# DATA TO EXAMINE:
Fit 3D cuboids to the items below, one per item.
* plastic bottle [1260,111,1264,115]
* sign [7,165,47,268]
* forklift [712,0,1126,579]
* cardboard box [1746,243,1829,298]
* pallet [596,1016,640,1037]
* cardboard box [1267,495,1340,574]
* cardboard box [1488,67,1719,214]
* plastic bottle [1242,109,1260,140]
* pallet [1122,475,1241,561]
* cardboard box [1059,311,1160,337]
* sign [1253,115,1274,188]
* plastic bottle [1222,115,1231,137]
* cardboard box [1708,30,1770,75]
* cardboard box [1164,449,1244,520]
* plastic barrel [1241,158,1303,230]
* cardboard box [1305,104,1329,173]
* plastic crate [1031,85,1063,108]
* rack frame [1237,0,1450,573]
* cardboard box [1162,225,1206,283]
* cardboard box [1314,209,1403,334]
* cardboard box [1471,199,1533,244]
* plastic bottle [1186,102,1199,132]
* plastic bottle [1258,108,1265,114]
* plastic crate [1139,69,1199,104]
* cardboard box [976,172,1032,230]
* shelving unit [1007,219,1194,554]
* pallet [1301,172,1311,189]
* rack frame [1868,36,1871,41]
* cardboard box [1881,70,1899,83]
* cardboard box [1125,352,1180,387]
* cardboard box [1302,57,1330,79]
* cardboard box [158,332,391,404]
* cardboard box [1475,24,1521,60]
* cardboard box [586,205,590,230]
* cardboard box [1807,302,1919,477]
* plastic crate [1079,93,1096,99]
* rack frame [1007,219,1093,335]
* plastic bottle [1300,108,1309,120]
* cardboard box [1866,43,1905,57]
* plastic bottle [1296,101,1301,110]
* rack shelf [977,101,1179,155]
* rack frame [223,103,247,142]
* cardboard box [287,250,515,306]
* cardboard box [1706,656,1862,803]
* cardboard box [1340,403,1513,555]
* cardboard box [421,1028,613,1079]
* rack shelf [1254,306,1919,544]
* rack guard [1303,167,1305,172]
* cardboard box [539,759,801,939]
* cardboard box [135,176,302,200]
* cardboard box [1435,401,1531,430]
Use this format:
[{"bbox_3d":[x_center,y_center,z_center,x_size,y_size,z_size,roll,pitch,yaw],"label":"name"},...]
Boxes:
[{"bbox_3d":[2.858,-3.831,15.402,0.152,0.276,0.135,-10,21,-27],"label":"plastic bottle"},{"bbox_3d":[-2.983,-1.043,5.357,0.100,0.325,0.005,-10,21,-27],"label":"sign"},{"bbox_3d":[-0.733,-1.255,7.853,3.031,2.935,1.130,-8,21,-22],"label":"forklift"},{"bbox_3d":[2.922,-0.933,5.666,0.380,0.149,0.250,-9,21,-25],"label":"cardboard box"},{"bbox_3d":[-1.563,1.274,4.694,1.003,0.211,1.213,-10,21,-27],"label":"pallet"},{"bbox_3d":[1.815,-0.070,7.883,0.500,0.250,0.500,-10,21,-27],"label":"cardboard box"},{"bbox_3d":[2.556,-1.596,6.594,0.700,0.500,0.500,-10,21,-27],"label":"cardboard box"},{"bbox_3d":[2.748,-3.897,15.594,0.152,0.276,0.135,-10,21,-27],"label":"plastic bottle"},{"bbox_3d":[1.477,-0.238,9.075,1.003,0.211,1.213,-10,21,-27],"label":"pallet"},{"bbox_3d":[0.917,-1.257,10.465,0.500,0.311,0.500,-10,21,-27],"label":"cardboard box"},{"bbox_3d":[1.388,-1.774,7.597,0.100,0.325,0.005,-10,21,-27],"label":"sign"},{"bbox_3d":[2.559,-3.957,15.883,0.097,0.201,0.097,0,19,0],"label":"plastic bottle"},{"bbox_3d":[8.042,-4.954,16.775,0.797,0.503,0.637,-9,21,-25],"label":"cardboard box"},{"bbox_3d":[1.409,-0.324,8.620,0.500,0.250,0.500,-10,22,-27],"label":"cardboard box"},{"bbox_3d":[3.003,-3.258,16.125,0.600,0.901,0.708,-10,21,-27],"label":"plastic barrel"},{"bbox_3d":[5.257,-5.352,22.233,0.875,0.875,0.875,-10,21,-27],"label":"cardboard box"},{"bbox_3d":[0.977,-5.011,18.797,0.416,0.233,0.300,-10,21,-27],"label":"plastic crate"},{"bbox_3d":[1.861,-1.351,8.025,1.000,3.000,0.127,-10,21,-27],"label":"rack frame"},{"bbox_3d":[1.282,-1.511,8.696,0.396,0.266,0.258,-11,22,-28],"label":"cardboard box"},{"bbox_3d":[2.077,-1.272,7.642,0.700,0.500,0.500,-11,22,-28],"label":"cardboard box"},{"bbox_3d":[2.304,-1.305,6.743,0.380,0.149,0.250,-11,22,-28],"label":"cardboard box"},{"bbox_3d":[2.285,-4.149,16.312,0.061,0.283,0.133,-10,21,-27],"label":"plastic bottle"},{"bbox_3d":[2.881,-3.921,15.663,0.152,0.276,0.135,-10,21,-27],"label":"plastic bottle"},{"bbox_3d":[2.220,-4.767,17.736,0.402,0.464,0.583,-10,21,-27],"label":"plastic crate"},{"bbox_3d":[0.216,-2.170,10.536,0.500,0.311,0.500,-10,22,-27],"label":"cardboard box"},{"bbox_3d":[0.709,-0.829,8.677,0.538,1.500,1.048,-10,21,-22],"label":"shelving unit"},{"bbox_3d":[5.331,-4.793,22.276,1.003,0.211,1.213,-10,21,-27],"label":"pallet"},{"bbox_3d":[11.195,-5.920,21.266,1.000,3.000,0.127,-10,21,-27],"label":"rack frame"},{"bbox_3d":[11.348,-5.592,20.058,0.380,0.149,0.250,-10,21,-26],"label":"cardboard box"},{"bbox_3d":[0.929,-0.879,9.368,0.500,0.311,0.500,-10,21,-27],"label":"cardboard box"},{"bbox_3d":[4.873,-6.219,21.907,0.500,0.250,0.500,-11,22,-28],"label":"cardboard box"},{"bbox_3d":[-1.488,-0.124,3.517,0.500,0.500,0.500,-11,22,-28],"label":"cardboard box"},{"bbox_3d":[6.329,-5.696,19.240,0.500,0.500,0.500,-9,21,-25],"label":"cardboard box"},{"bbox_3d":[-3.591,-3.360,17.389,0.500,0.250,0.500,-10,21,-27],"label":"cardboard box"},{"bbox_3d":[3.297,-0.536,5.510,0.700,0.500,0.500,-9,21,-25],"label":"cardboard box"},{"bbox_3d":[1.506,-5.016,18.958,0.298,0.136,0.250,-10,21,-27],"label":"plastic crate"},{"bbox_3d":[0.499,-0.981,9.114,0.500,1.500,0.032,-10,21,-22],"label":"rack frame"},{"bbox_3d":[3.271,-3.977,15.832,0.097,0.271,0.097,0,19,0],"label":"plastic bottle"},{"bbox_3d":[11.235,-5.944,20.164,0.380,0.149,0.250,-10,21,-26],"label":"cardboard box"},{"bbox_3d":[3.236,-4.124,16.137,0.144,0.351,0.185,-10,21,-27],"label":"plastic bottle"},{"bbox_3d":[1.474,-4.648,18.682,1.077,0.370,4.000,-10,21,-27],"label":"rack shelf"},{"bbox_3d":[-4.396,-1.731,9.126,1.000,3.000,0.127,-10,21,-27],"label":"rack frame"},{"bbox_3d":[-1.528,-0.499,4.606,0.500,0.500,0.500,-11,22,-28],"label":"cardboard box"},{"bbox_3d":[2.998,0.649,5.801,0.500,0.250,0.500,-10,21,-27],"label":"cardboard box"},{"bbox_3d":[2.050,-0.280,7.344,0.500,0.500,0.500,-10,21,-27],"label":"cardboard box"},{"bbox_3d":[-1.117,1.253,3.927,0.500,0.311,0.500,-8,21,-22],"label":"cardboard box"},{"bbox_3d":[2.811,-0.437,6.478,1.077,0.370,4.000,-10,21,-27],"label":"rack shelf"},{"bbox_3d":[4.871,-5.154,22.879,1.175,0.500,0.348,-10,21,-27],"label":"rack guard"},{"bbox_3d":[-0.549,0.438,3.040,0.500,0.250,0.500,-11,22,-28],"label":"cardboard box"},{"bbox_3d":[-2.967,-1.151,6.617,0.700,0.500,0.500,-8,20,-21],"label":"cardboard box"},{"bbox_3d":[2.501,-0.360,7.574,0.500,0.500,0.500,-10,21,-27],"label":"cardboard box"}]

...

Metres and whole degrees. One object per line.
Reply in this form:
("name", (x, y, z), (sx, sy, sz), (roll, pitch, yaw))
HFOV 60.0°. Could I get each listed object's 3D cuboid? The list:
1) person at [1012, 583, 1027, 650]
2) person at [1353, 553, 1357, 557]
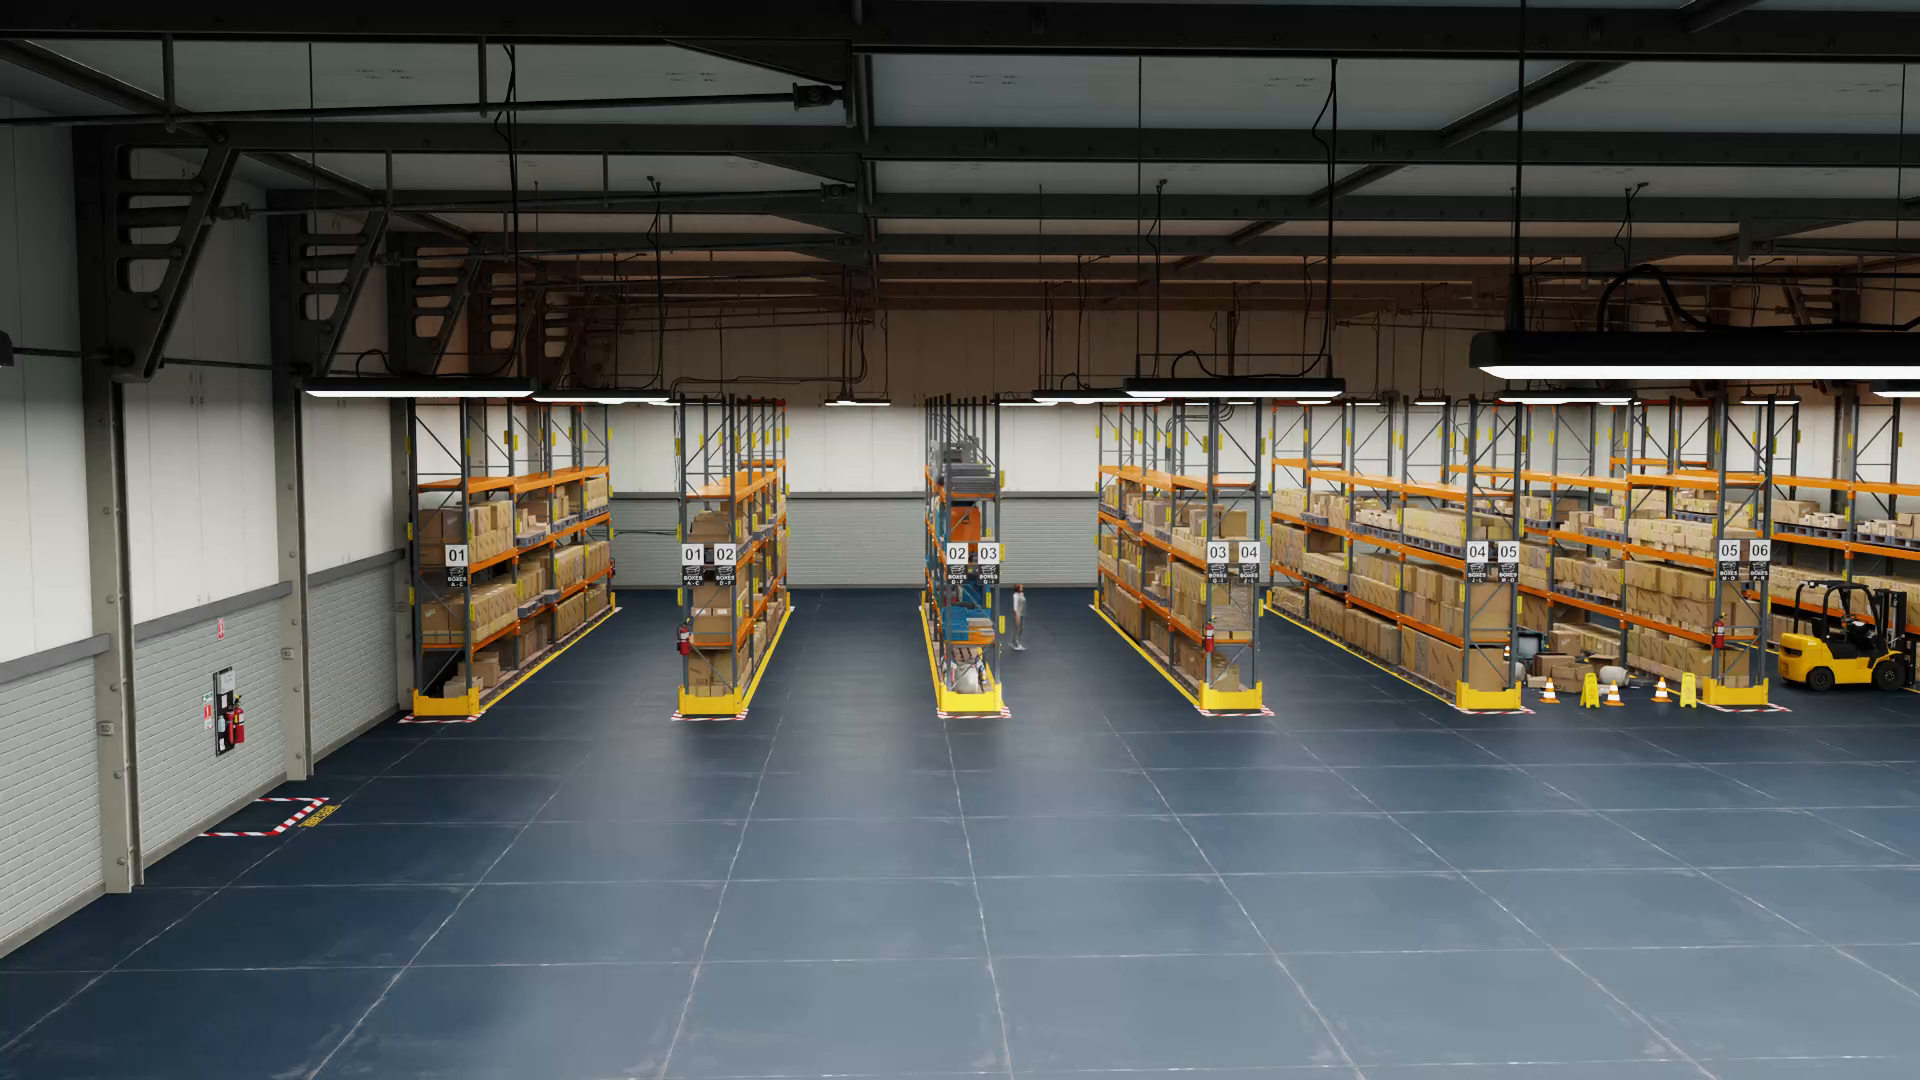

# PROBLEM DETAILS:
Whichever lines of the records above hold the word "person" should all be copied out.

# RESPONSE BOX:
1) person at [1012, 583, 1027, 650]
2) person at [1353, 553, 1357, 557]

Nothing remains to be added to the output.